Problem statement ▸ The answer must consist solely of the line that contains "-59 mA; 59 MPa" and all subsequent lines of the data, each reproduced exactly.
====
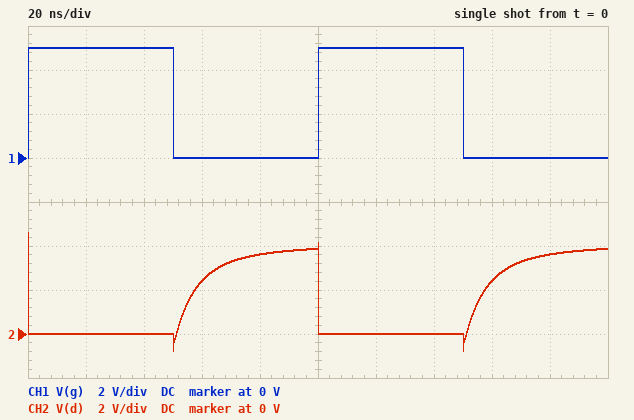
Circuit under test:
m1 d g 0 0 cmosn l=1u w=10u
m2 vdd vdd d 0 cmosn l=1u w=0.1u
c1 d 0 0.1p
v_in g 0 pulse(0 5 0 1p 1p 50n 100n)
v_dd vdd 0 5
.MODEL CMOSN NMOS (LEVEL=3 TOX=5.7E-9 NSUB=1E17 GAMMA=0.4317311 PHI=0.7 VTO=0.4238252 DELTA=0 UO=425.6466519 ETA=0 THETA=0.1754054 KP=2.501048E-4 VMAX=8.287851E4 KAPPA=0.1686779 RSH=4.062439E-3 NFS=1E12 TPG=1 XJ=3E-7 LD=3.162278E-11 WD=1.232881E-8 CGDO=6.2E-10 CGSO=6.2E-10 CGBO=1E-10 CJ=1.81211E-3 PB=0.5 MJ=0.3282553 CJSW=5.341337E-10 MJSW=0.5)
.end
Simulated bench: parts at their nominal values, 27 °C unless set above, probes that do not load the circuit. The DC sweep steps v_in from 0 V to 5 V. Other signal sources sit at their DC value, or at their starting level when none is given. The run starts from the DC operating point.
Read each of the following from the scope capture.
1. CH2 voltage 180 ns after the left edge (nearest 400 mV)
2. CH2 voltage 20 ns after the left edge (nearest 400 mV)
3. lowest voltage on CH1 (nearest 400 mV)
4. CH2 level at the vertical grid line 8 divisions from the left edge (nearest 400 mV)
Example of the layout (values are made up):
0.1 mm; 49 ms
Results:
3.6 V; 0 V; 0 V; 2.4 V
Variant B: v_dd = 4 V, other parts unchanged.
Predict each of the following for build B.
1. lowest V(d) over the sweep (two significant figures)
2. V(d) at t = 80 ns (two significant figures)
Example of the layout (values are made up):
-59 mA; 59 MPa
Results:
5.8 mV; 2.7 V
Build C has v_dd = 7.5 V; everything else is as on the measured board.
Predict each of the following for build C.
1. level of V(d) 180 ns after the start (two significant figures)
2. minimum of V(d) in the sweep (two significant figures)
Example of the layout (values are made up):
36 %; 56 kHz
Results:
5.9 V; 14 mV
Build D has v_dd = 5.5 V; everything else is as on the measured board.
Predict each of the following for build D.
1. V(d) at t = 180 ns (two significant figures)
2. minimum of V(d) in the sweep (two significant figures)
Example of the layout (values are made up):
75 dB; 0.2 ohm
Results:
====
Answer to the exercise ▸
-59 mA; 59 MPa
Results:
5.8 mV; 2.7 V
Build C has v_dd = 7.5 V; everything else is as on the measured board.
Predict each of the following for build C.
1. level of V(d) 180 ns after the start (two significant figures)
2. minimum of V(d) in the sweep (two significant figures)
Example of the layout (values are made up):
36 %; 56 kHz
Results:
5.9 V; 14 mV
Build D has v_dd = 5.5 V; everything else is as on the measured board.
Predict each of the following for build D.
1. V(d) at t = 180 ns (two significant figures)
2. minimum of V(d) in the sweep (two significant figures)
Example of the layout (values are made up):
75 dB; 0.2 ohm
Results:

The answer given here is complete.